VB .NET HTMLAgilityPack Colon Separated Values

60 Views Asked by At

Is there a way to get the values within a tag using HTMLAgilityPack? My variable dataNode is an HtmlAgilityPack.HtmlNode and contains:

Dim doc as New HtmlAgilityPack.HtmlDocument()

doc.LoadHtml("
<div id="container" data="id:12,country:usa,city:oregon,id:13,country:usa,city:atlanta">
    <a href="http://www.google.com">Google</a>
</div>
")

Would like to get the value of each id, country,city. They repeat within the tag and have different values.

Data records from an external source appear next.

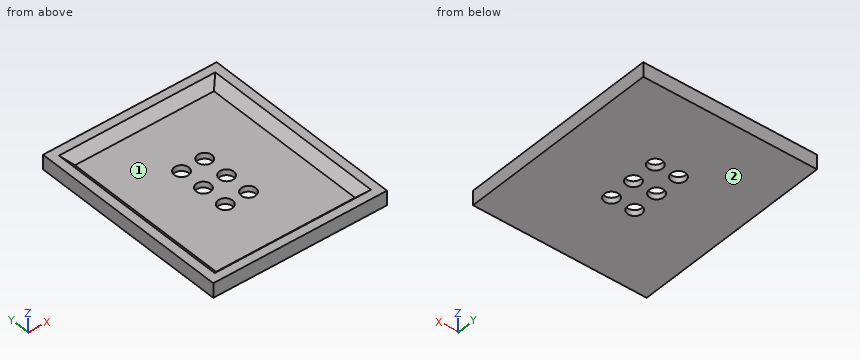
```python
from build123d import *

# Parameters (mm, degrees)
F0_W         = 88.9
F0_H         = 6.35
F1_DEPTH     = 76.2
F2_T         = -2.54
F3_T4_DEPTH  = 83.82
F3_T9_DEPTH  = 71.12
F3_T14_DEPTH = 83.82
F3_T19_DEPTH = 71.12
F5_D         = 6.35
F5_DEPTH     = 12.7
F5_TIP       = 1.9077324654


# Not quite as in the source:
# - a fillet or chamfer that OpenCascade refuses, or shapes differently, is made with other operations: its cross-section is extruded or revolved along the edge and cut away or added


with BuildPart() as f1:
    # F0 (on Right) → F1 (new body)
    with BuildSketch(Plane.YZ):
        with Locations((12.1882097632, -0.3118954591)):
            Rectangle(F0_W, F0_H)
    extrude(amount=F1_DEPTH)

    # F2
    f2_openings = [f1.faces().sort_by_distance(p)[0] for p in [
        (38.1, 12.18821, 2.863105),
    ]]
    offset(amount=F2_T, openings=f2_openings)

    # F3: chamfer of 5.08 on 4 edges, made by hand


with BuildPart() as f3_tool2:
    # F3_s3 → F3_t4 (new body)
    with BuildSketch(Plane.XZ.offset(-54.0982097632)):
        Polygon((2.54, 4.1331045409), (7.62, -0.9468954591), (2.54, -0.9468954591), align=None)
    extrude(amount=F3_T4_DEPTH)

    split(bisect_by=Plane.XY.offset(2.8631045409), keep=Keep.BOTTOM)


with BuildPart() as f1_1:
    add(f1.part)

    # F3_t1: union F3_tool2
    add(f3_tool2.part)


with BuildPart() as f3_tool7:
    # F3_s8 → F3_t9 (new body)
    with BuildSketch(Plane.YZ.offset(2.54)):
        Polygon((-29.7217902368, 4.1331045409), (-24.6417902368, -0.9468954591), (-29.7217902368, -0.9468954591), align=None)
    extrude(amount=F3_T9_DEPTH)

    split(bisect_by=Plane.XY.offset(2.8631045409), keep=Keep.BOTTOM)


with BuildPart() as f1_2:
    add(f1_1.part)

    # F3_t6: union F3_tool7
    add(f3_tool7.part)


with BuildPart() as f3_tool12:
    # F3_s13 → F3_t14 (new body)
    with BuildSketch(Plane.XZ.offset(-54.0982097632)):
        Polygon((73.66, 4.1331045409), (68.58, -0.9468954591), (73.66, -0.9468954591), align=None)
    extrude(amount=F3_T14_DEPTH)

    split(bisect_by=Plane.XY.offset(2.8631045409), keep=Keep.BOTTOM)


with BuildPart() as f1_3:
    add(f1_2.part)

    # F3_t11: union F3_tool12
    add(f3_tool12.part)


with BuildPart() as f3_tool17:
    # F3_s18 → F3_t19 (new body)
    with BuildSketch(Plane.YZ.offset(73.66)):
        Polygon((54.0982097632, 4.1331045409), (49.0182097632, -0.9468954591), (54.0982097632, -0.9468954591), align=None)
    extrude(amount=-F3_T19_DEPTH)

    split(bisect_by=Plane.XY.offset(2.8631045409), keep=Keep.BOTTOM)


with BuildPart() as f1_4:
    add(f1_3.part)

    # F3_t16: union F3_tool17
    add(f3_tool17.part)

    # F5
    with Locations(Plane.XY.offset(-0.9468954591)):
        with Locations((33.02, 23.6182097632), (43.18, 23.6182097632), (43.18, 12.1882097632), (33.02, 12.1882097632), (33.02, 0.7582097632), (43.18, 0.7582097632)):
            Hole(F5_D / 2, depth=F5_DEPTH)
            with Locations((0, 0, -(F5_DEPTH + F5_TIP / 2))):  # 118° drill point
                Cone(0, F5_D / 2, F5_TIP, mode=Mode.SUBTRACT)


solid = f1_4.part
```
CAD build for the part. Positions are in the model's coordinates, mm. Face numbers are marked on the shaded views. Coordinates: 2 decimals unless noted, no trailing zeros. Order: outer loops, then holes, each group sorted by start corner. A loop starts at its lowest first (then second) coordinate and runs counter-clockwise, first axis right, second up. Notation, with made-up numbers: M 29.25,73.25 L 33.25,73.25 A28 cw 33.25,94.25 Z; hole C 56.5,71 d5. An arc over 180 degrees is marked long. Answer as CSV lines item,"result".
1) Mould opens along X. For the marked faces 1 and 2 say: released by +X, released by -X, zero draft, split by the parting line, or undercut.
Verdict:
face 1,"undercut"
face 2,"zero draft"
2) Cut at C-C (z = 0.75). List the corners of the cut face in (x, y), then the cut area to 3 significant figures.
Verdict:
outline,"M 0,-32.26 L 76.2,-32.26 L 76.2,56.64 L 0,56.64 Z; hole M 5.92,-26.34 L 70.28,-26.34 L 70.28,50.72 L 5.92,50.72 Z"
area,"1,820 mm2"
3) Cut at A-A (x = 43.18). List the corners of the cut face in (y, z), then the cut area to 3 significant figures.
Verdict:
outline,"M -32.26,-3.49 L -2.42,-3.49 L -2.42,-0.95 L -24.64,-0.95 L -28.45,2.86 L -32.26,2.86 Z; M 3.93,-3.49 L 9.01,-3.49 L 9.01,-0.95 L 3.93,-0.95 Z; M 15.36,-3.49 L 20.44,-3.49 L 20.44,-0.95 L 15.36,-0.95 Z; M 26.79,-3.49 L 56.64,-3.49 L 56.64,2.86 L 52.83,2.86 L 49.02,-0.95 L 26.79,-0.95 Z"
area,"221 mm2"
4) Flat gauge pins, fed straight in: P1, Ø2, axis at x = 39.5, y = -11.5, coming from the +Z side; P2, Ø4, axis at x = 33.02, y = 23.62, coming from the -Z side. Where does each tip first touch, or does it go through?
Verdict:
P1,"z = -0.95"
P2,"through"
5) Cut at B-B (x = 55). List the corners of the cut face in (y, z).
Verdict:
outline,"M -32.26,-3.49 L 56.64,-3.49 L 56.64,2.86 L 52.83,2.86 L 49.02,-0.95 L -24.64,-0.95 L -28.45,2.86 L -32.26,2.86 Z"
6) Drill centre lines: L1, parallel to Y at x = 43.18, z = -2.05; L2, parallel to X at y = 26, z = -2.25; L3, parallel to X at y = -26, z = 1. Where is each one in solid material? Low to high. Write a range as from..to.
Verdict:
L1,"-32.26..-2.42, 3.93..9.01, 15.36..20.44, 26.79..56.64"
L2,"0..30.92, 35.12..41.08, 45.28..76.2"
L3,"0..5.67, 70.53..76.2"

Dim dataNode as HtmlAgililtyPack.HtmlNode

dataNode = doc.documentNode.SelectSingleNode("//div")
txtbox.text = dataNode.Attributes("id[1]").value

This gives an error System.NullReferenceException

1

There are 1 best solutions below

0
On

You need the "data" attribute, not the "id" attribute.

Once you have the value of the correct attribute, you will need to parse it into some data structure suitable for holding each part of the data, for example:

Option Infer On
Option Strict On

Module Module1

    Public Class LocationDatum
        Property ID As Integer
        Property Country As String
        Property City As String

        Public Overrides Function ToString() As String
            Return $"ID={ID}, Country={Country}, City={City}"
        End Function

    End Class


    Sub Main()
        Dim doc As New HtmlAgilityPack.HtmlDocument()

        doc.LoadHtml("
<div id=""container"" data=""id:12,country:usa,city:oregon,id:13,country:usa,city:atlanta"">
    <a href=""http://www.google.com"">Google</a>
</div>
")

        Dim dataNode = doc.DocumentNode.SelectSingleNode("//div")
        Dim rawData = dataNode.Attributes("data").Value
        Dim dataParts = rawData.Split(","c)

        Dim locationData As New List(Of LocationDatum)

        ' A simple way of parsing the data
        For i = 0 To dataParts.Count - 1 Step 3
            If i + 2 < dataParts.Count Then
                Dim id As Integer = -1
                Dim country As String = ""
                Dim city As String = ""
                ' used to check all three required parts have been found:
                Dim partsFoundFlags = 0
                For j = 0 To 2
                    Dim itemParts = dataParts(i + j).Split(":"c)
                    Select Case itemParts(0)
                        Case "id"
                            id = CInt(itemParts(1))
                            partsFoundFlags = partsFoundFlags Or 1
                        Case "country"
                            country = itemParts(1)
                            partsFoundFlags = partsFoundFlags Or 2
                        Case "city"
                            city = itemParts(1)
                            partsFoundFlags = partsFoundFlags Or 4
                    End Select
                Next
                If partsFoundFlags = 7 Then
                    locationData.Add(New LocationDatum With {.ID = id, .Country = country, .City = city})
                End If
            End If

        Next

        For Each d In locationData
            Console.WriteLine(d)
        Next

        Console.ReadLine()

    End Sub

End Module

Which outputs:

ID=12, Country=usa, City=oregon
ID=13, Country=usa, City=atlanta

It is resistant to some data malformations, such as id/city/country being in a different order, and spurious data at the end.

You would, of course, put the parsing code into its own function.